I’ve been having problems with one of my Xen virtual servers crashing with kernel error messages regarding OOM conditions. One thing I had been meaning to do is to determine how to make a core dump of a Xen domain and then get data such as the process list from it. But tonight I ended up catching the machine after the problem occurred but before the kernel gave OOM messages so I could log in to fix things.
I discovered the following issues:
- 10+ instances of spf-policy.pl (a Postfix program to check the Sender Policy Framework data for a message that is being received), most in D state.
- All my Planet news feeds being updated simultaneously (four of them taking 20M each takes a bite out of 256M for a virtual machine).
- Over 100 Apache processes running in D state.
I think that there is a bug with having so many instances spf-policy.pl, I’ve also been seeing warning messages from Postfix about timeouts when running it.
For the Planet feeds I changed my cron jobs to space them out. Now unless one job takes 40 minutes to run there will be no chance of having them all run at the same time.

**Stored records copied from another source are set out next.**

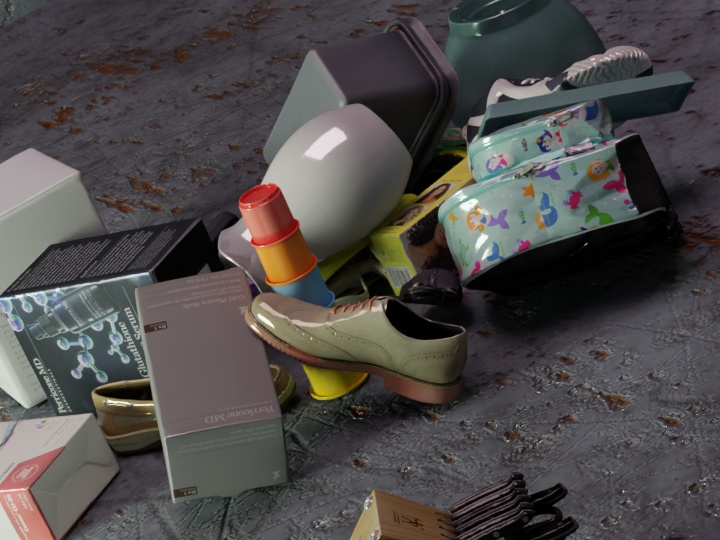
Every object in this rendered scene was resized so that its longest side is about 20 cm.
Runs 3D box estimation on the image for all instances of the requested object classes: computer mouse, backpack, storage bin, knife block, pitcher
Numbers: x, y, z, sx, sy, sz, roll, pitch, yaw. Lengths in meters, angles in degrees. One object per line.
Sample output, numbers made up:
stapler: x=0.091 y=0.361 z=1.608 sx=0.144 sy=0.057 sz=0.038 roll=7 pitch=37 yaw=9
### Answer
computer mouse: x=0.062 y=0.014 z=1.665 sx=0.058 sy=0.034 sz=0.200 roll=4 pitch=-1 yaw=4
backpack: x=0.168 y=-0.059 z=1.665 sx=0.199 sy=0.151 sz=0.177 roll=-26 pitch=-9 yaw=10
storage bin: x=-0.012 y=-0.161 z=1.930 sx=0.134 sy=0.200 sz=0.146 roll=-10 pitch=55 yaw=-36
knife block: x=0.070 y=0.229 z=1.278 sx=0.064 sy=0.174 sz=0.201 roll=-99 pitch=31 yaw=-68
pitcher: x=-0.054 y=-0.068 z=1.819 sx=0.200 sy=0.121 sz=0.171 roll=-44 pitch=17 yaw=-7

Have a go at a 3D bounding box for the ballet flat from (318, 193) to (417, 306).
ballet flat: x=0.000 y=0.000 z=1.842 sx=0.199 sy=0.067 sz=0.067 roll=-36 pitch=46 yaw=-19

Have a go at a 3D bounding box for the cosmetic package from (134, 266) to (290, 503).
cosmetic package: x=-0.130 y=0.098 z=1.615 sx=0.106 sy=0.091 sz=0.201 roll=-11 pitch=39 yaw=-9

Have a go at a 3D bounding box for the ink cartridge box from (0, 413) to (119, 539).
ink cartridge box: x=-0.337 y=0.197 z=1.718 sx=0.199 sy=0.068 sz=0.117 roll=-9 pitch=27 yaw=32

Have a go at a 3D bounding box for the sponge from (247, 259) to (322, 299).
sponge: x=-0.051 y=-0.032 z=1.989 sx=0.111 sy=0.030 sz=0.200 roll=-16 pitch=24 yaw=18

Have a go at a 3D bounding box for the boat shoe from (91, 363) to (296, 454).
boat shoe: x=-0.159 y=0.113 z=1.715 sx=0.199 sy=0.077 sz=0.072 roll=-16 pitch=23 yaw=17

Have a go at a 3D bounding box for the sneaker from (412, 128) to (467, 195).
sneaker: x=0.097 y=-0.117 z=1.990 sx=0.085 sy=0.079 sz=0.199 roll=-29 pitch=31 yaw=-29

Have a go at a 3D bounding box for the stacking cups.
stacking cups: x=-0.058 y=0.019 z=1.660 sx=0.060 sy=0.201 sz=0.061 roll=-21 pitch=24 yaw=10

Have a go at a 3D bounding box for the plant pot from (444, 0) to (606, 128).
plant pot: x=0.175 y=-0.248 z=2.104 sx=0.199 sy=0.135 sz=0.201 roll=-21 pitch=22 yaw=9

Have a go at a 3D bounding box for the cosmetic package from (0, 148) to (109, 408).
cosmetic package: x=-0.352 y=0.006 z=1.979 sx=0.166 sy=0.201 sz=0.167 roll=-31 pitch=25 yaw=-18

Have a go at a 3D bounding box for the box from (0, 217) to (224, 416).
box: x=-0.229 y=0.049 z=1.831 sx=0.199 sy=0.149 sz=0.107 roll=-9 pitch=26 yaw=32

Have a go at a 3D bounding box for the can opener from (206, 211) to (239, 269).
can opener: x=-0.172 y=0.003 z=1.985 sx=0.078 sy=0.064 sz=0.200 roll=-13 pitch=25 yaw=38

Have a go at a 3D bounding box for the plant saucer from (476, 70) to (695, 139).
plant saucer: x=0.204 y=-0.150 z=1.707 sx=0.198 sy=0.019 sz=0.070 roll=-11 pitch=-17 yaw=-8

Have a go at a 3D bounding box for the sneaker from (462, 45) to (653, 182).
sneaker: x=0.179 y=-0.166 z=1.798 sx=0.199 sy=0.079 sz=0.130 roll=-41 pitch=31 yaw=9

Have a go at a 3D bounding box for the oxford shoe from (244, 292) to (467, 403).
oxford shoe: x=-0.001 y=0.046 z=1.593 sx=0.199 sy=0.074 sz=0.071 roll=16 pitch=30 yaw=6

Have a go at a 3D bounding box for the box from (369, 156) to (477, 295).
box: x=0.101 y=-0.056 z=1.837 sx=0.200 sy=0.076 sz=0.050 roll=-40 pitch=25 yaw=-31

For Apache I changed the maximum number of processes from 150 to 40 and changed the maximum number of requests that a client may satisfy to 100 (it used to be a lot higher). If more than 40 requests come in at the same time then the excess ones will wait in the TCP connection backlog (of 511 entries) until a worker process is ready to service the request. While keeping the connections waiting is not always ideal, it’s better than killing the entire machine!
Finally I installed my memlockd program so that next time I have paging problems the process of logging in and fixing them will be a little faster. Memlockd locks a specified set of files into RAM so that they won’t be paged out when memory runs low. This can make a dramatic difference to the time taken to login to a system that is paging heavily. It also can run ldd on executables to discover the shared objects that they need so it can lock them too.